WORK TO COMPLETE: Nothing outside the lines below from the one containing "Find the text" through the one containing "You are a GUI" is to be printed; print those exactly, ends included, and drop the pictures.

%%

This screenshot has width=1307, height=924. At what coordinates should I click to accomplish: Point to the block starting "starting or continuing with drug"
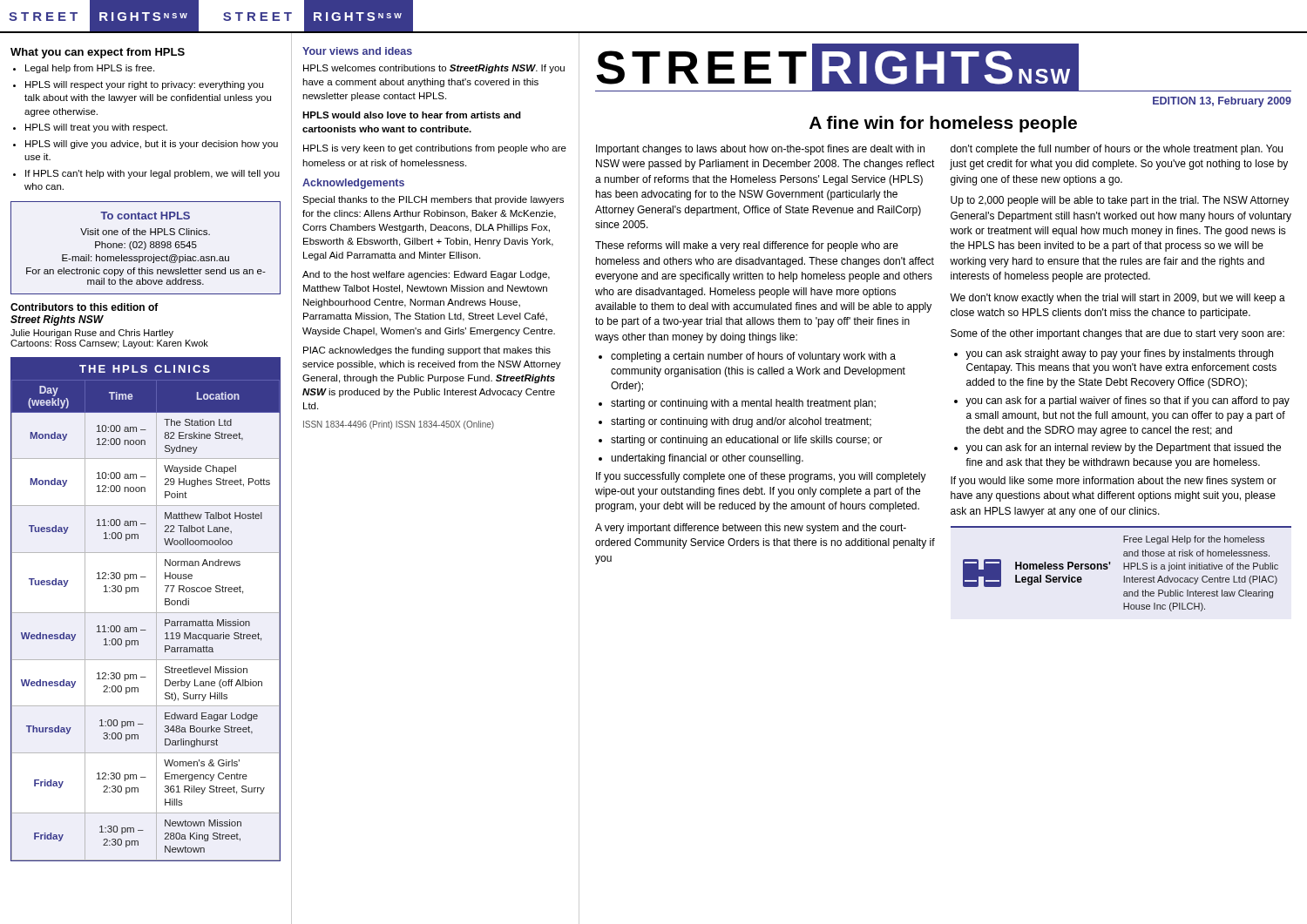(741, 422)
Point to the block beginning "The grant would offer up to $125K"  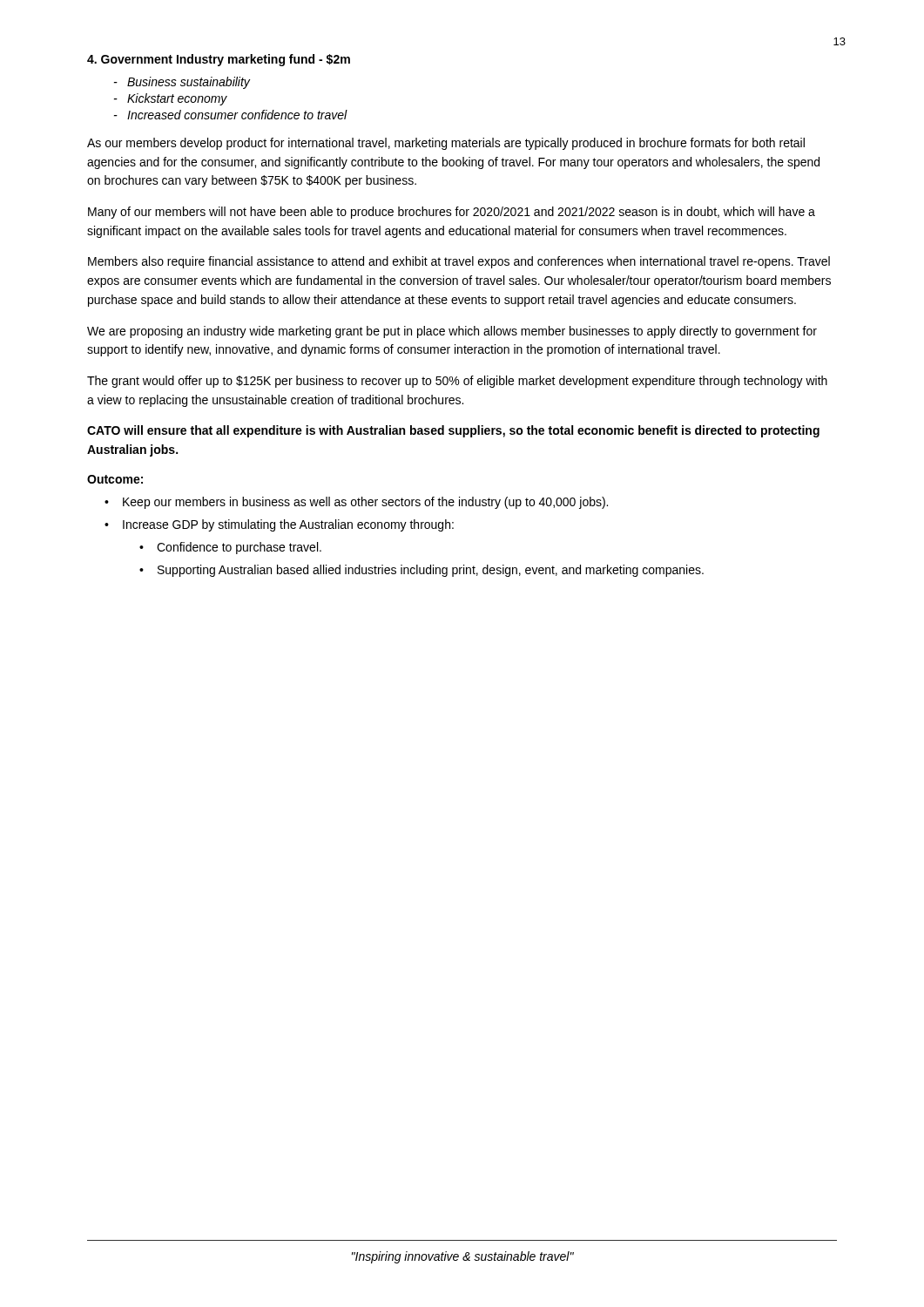[457, 390]
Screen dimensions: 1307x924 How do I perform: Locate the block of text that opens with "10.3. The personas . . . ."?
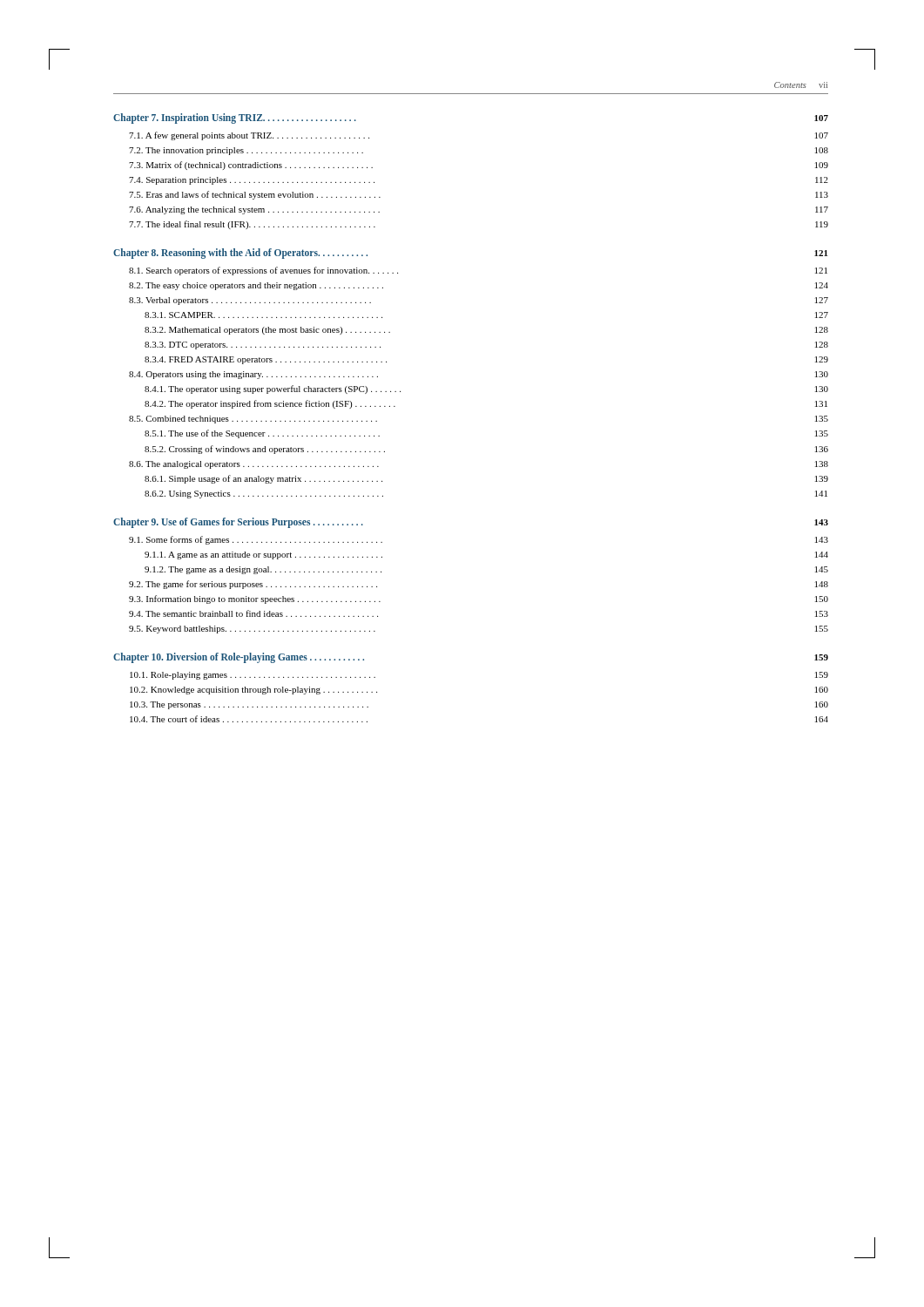[x=162, y=705]
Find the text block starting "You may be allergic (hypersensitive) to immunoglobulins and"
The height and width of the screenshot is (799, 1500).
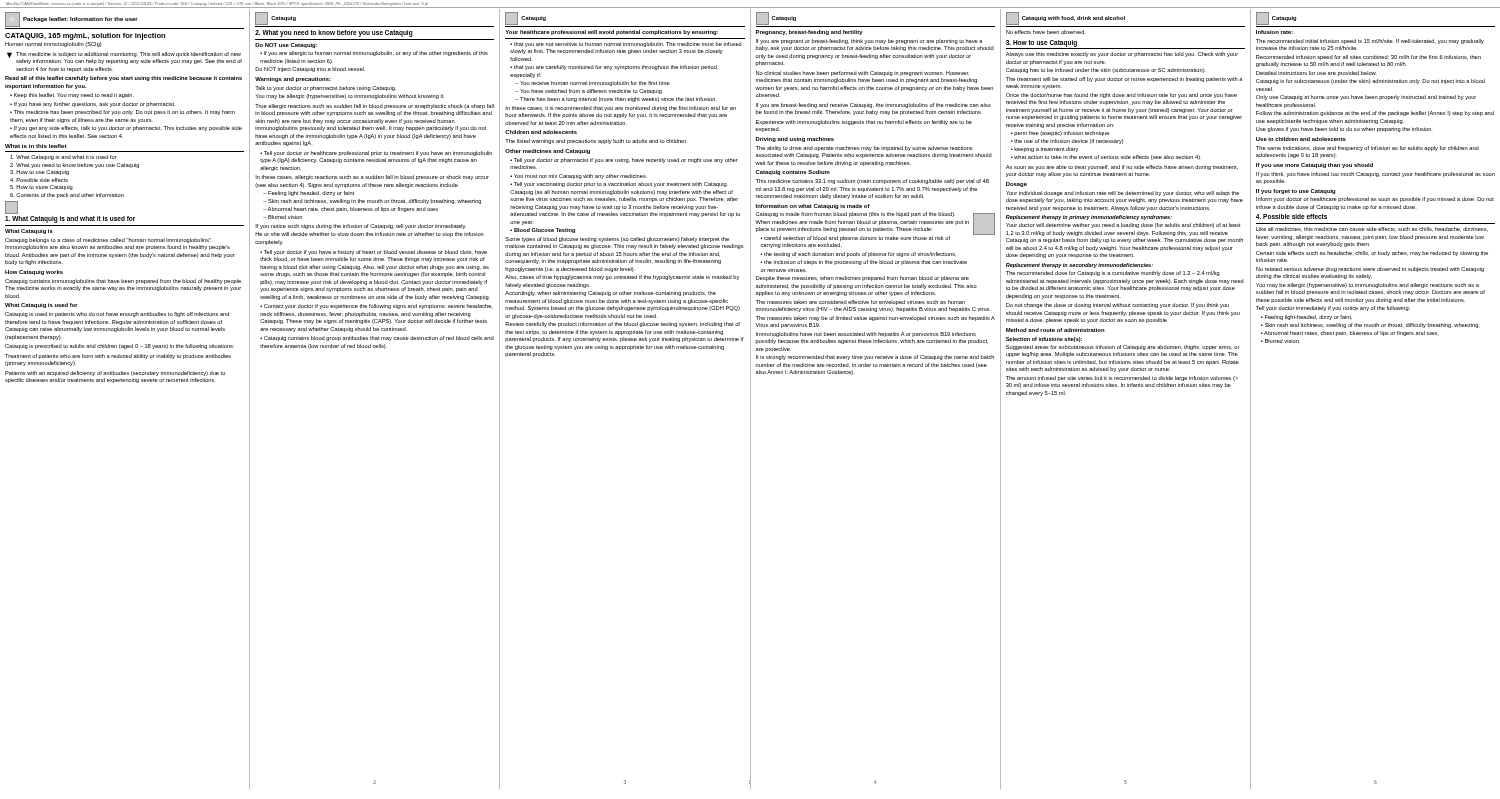coord(1370,292)
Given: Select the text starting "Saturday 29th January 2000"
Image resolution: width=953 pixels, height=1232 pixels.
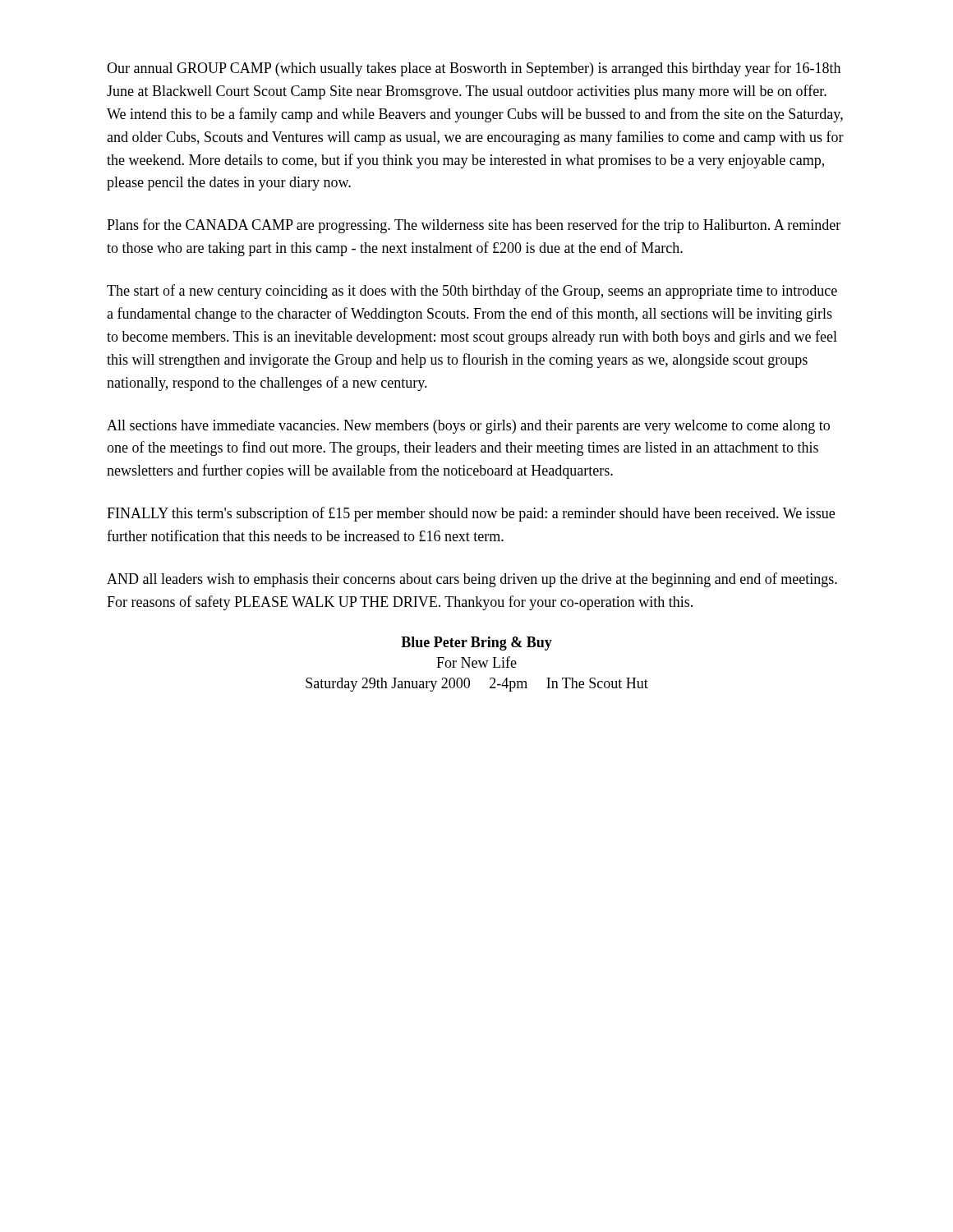Looking at the screenshot, I should (476, 683).
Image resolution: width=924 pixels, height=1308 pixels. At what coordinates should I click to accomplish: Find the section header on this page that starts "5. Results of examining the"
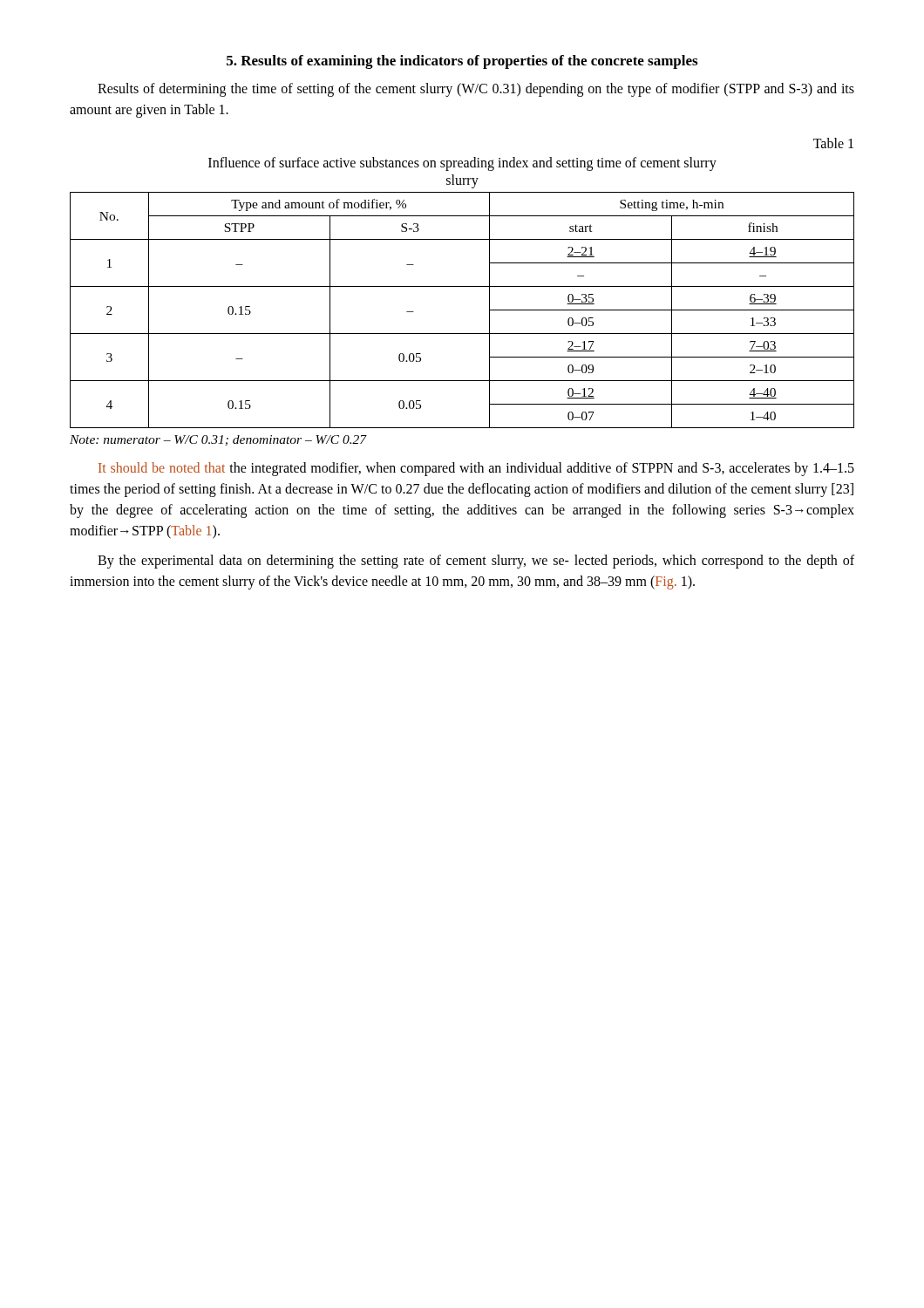pyautogui.click(x=462, y=61)
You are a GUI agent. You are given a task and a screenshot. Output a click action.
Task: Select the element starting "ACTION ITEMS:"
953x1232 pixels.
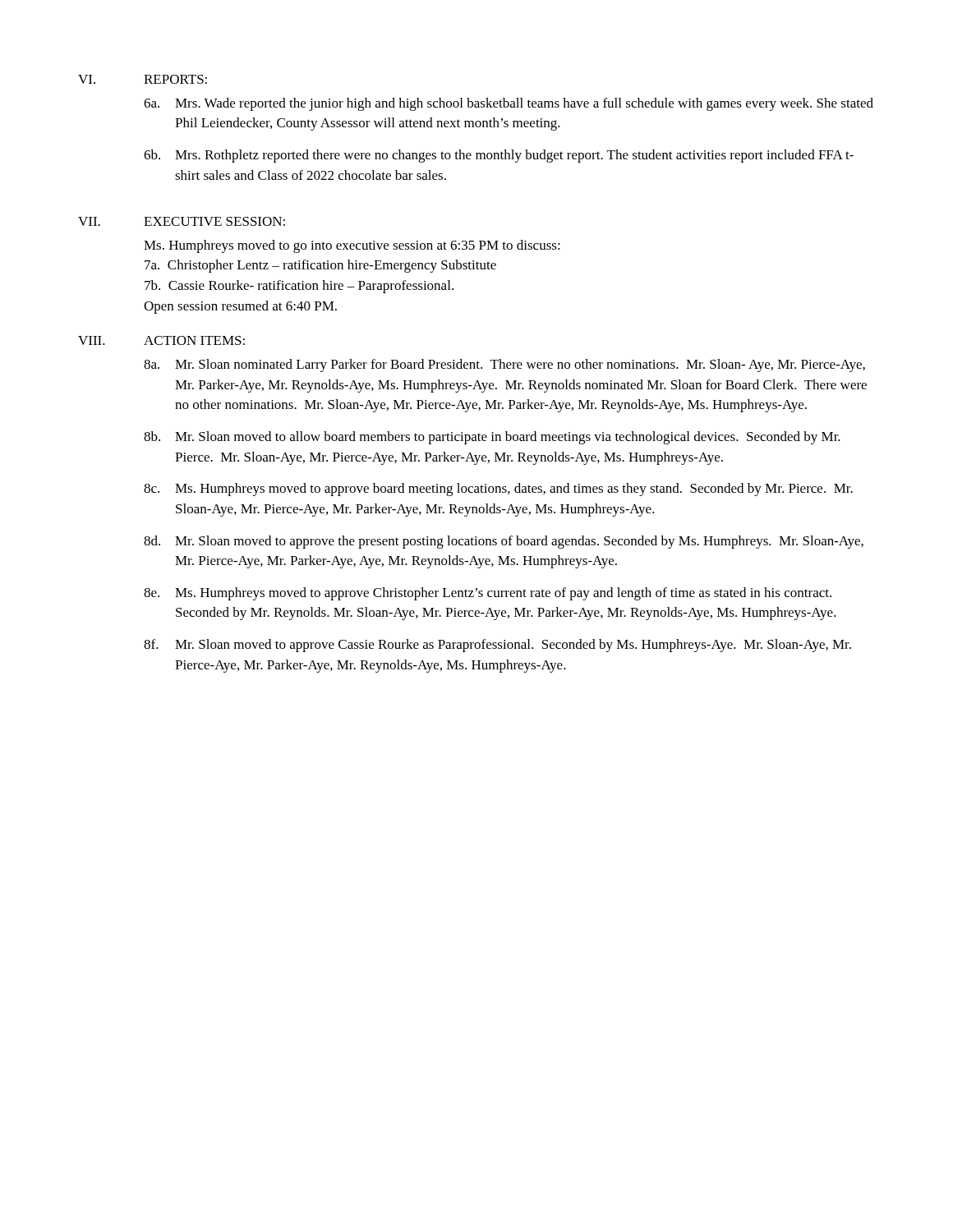click(x=195, y=341)

%%

SOLUTION FOR THIS TASK:
Find the text block starting "You may be allergic (hypersensitive) to immunoglobulins and"
The height and width of the screenshot is (799, 1500).
coord(1370,292)
Given: Select the text starting "Saturday 29th January 2000"
Image resolution: width=953 pixels, height=1232 pixels.
Looking at the screenshot, I should (476, 683).
Image resolution: width=924 pixels, height=1308 pixels. At what coordinates should I click to accomplish: Find the section header on this page that starts "5. Results of examining the"
pyautogui.click(x=462, y=61)
You are a GUI agent. You are given a task and a screenshot. Output a click action.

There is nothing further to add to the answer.